Am Dienstagabend verkündete er, dass nun Jekaterina Makarowa wohl Scharapowas Olympia-Platz einnehmen werde. Anastasia Myschkina, die Chefin des russischen Fed-Cup-Teams, sagte über das Aus für Scharapowa: "Leider ist es passiert. Das sind sehr schlechte Nachrichten für uns alle, die Tennis lieben und die Masha im Team sehen wollen." Steve Simon, der seit Oktober vergangenen Jahres der Frauentennis-Tour WTA vorsteht, bemühte sich um Diplomatie. "Die WTA wird den weiteren Verlauf genau verfolgen, und wir hoffen, dass es möglichst bald zu einer Klärung kommt." Aber natürlich sei es generell "wichtig, dass Spielerinnen die Regeln jederzeit kennen und beachten".

Kampf um die Glaubwürdigkeit

Die Tennis-Verkäufer befinden sich in einem Dilemma.

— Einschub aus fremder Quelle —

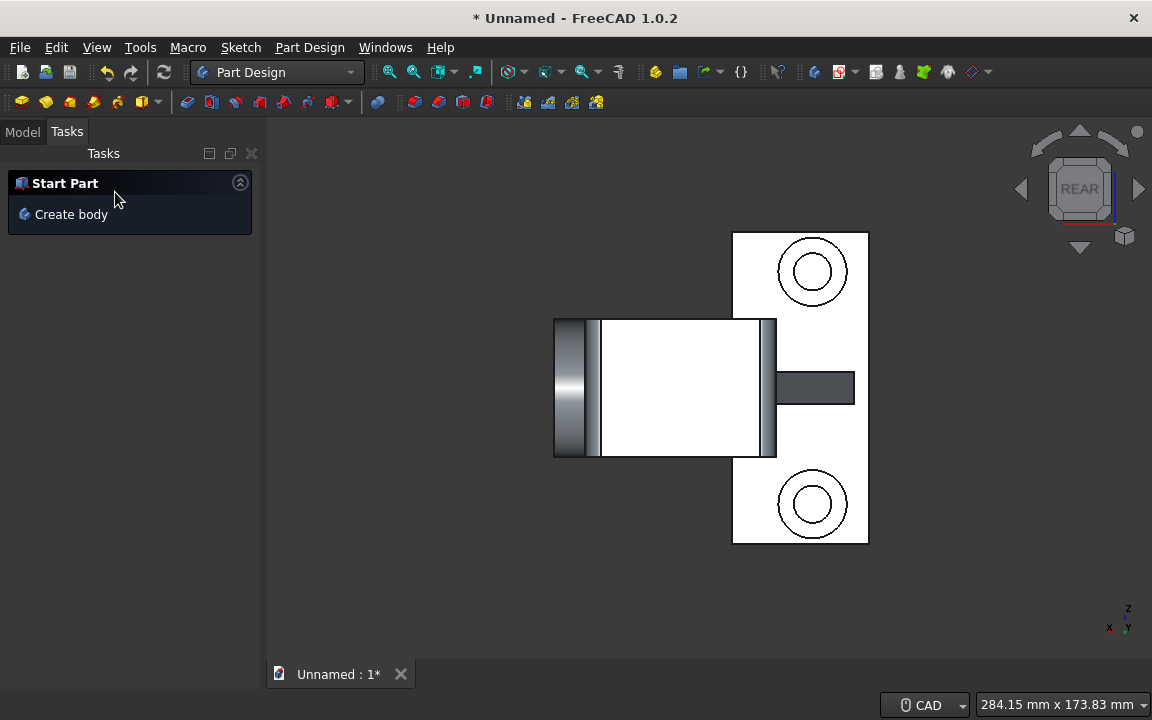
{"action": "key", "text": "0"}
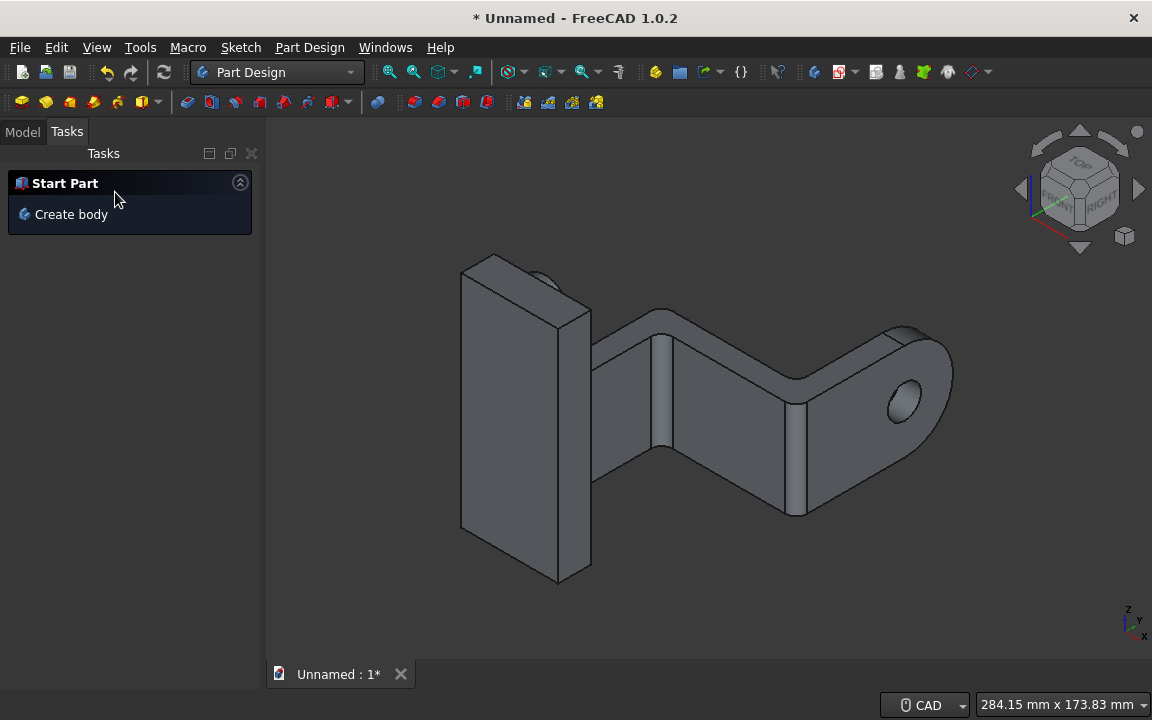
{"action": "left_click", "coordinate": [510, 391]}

Einerseits war Scharapowa eines ihrer größten Zugpferde; es bald wieder im Programm zu haben, kann dem Geschäft nur guttun. Andererseits hätte ein allzu milder Umgang mit der Szene-Größe die Glaubwürdigkeit beim Kampf gegen Schummeleien völlig zerstört. Einige der im Prozess gegen Scharapowa dokumentierten Details lassen tief blicken. Sie offenbaren, wie sehr die Spitzenspielerin über Jahre der - legalen - Hilfe der pharmazeutischen Industrie vertraute.

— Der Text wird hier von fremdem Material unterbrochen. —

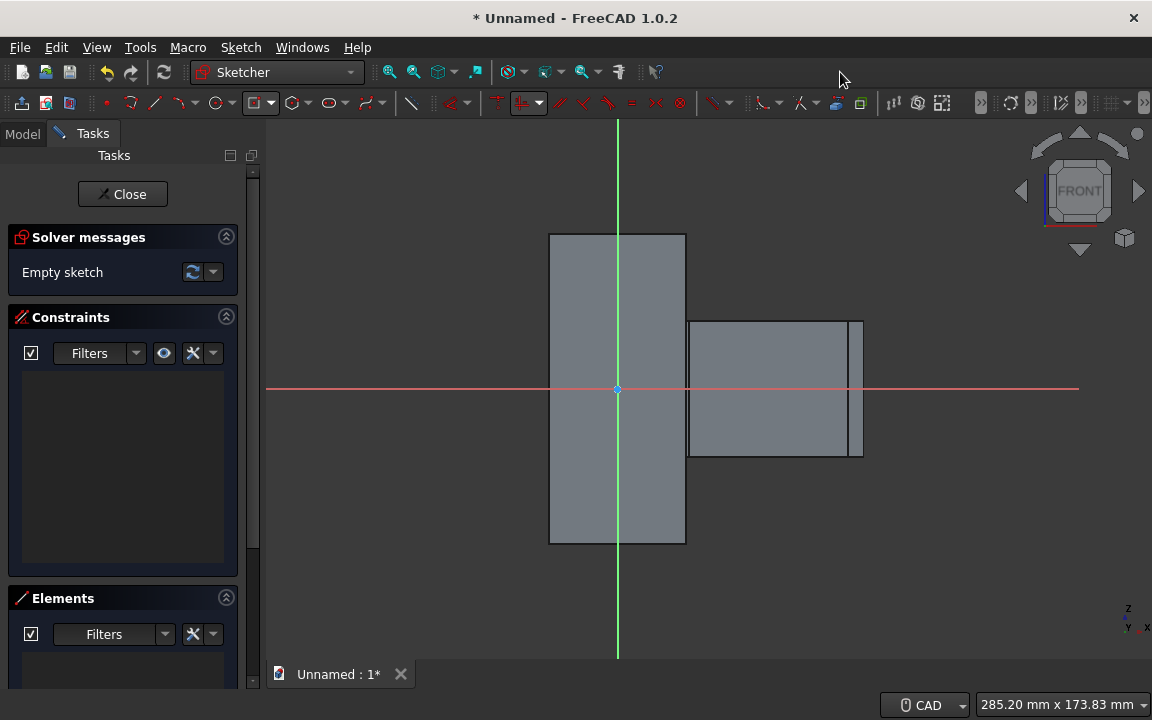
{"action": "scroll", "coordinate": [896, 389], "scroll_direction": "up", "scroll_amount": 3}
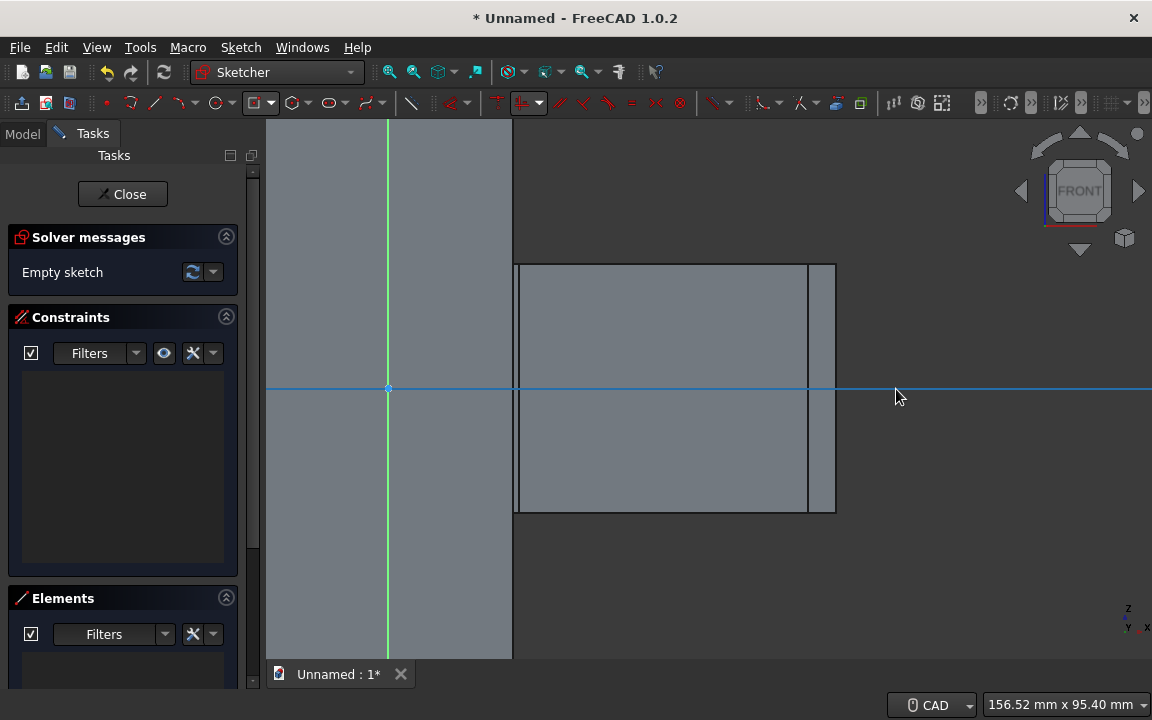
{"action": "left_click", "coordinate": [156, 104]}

Im Jahr 2004 glückte Scharapowa der internationale Durchbruch: Im Alter von 17 Jahren gewann sie das traditionsreiche Turnier in Wimbledon. Im Jahr darauf suchte sie - nach einigen grippalen Infekten - den russischen Mediziner Anatoly Skalny auf. Dieser stellte ihr einen detaillierten Ernährungs- und Medizin-Plan zusammen, auf dem etwa 18 Medikamente und Nahrungsergänzungsmittel standen; auch das Meldonium-Präparat Mildronate. Bis 2012 befolgte Scharapowa die Vorgaben. Phasenweise stieg die Zahl der Mittel, die sie nahm und die der Direktor des Anti-Doping-Labors in Moskau Skalny stets als für Leistungssportler legal bescheinigte, auf 30.

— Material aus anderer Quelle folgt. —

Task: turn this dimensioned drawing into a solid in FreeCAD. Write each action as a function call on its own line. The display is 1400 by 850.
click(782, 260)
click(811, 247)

Ende 2012 wandte sich Scharapowa von Skalny ab, das Herzmittel, in dem Meldonium enthalten war, nahm sie aber weiter - ohne ihren neuen medizinischen Berater, ihrem Trainer oder ihrem Physiotherapeuten davon zu berichten. Auf den Fragebögen, die sie vor Anti-Doping-Tests ausfüllen musste, verschwieg sie es ebenfalls regelmäßig. Lediglich Manager Max Eisenbud sei eingeweiht gewesen, so die dokumentierte Darstellung vor dem Tribunal, in der es weiter heißt: Eigentlich sei es Eisenbuds Aufgabe gewesen, Scharapowa davor zu warnen, dass das Mittel ab Januar 2016 neu auf der Liste der verbotenen Mittel stehe. Der Manager habe das versäum - unter anderem, weil er sich in dem relevanten Zeitraum von seiner Frau getrennt habe und deshalb nicht zu seinem obligatorischen Karibik-Urlaub aufgebrochen sei. Die ITF fand das wenig überzeugend.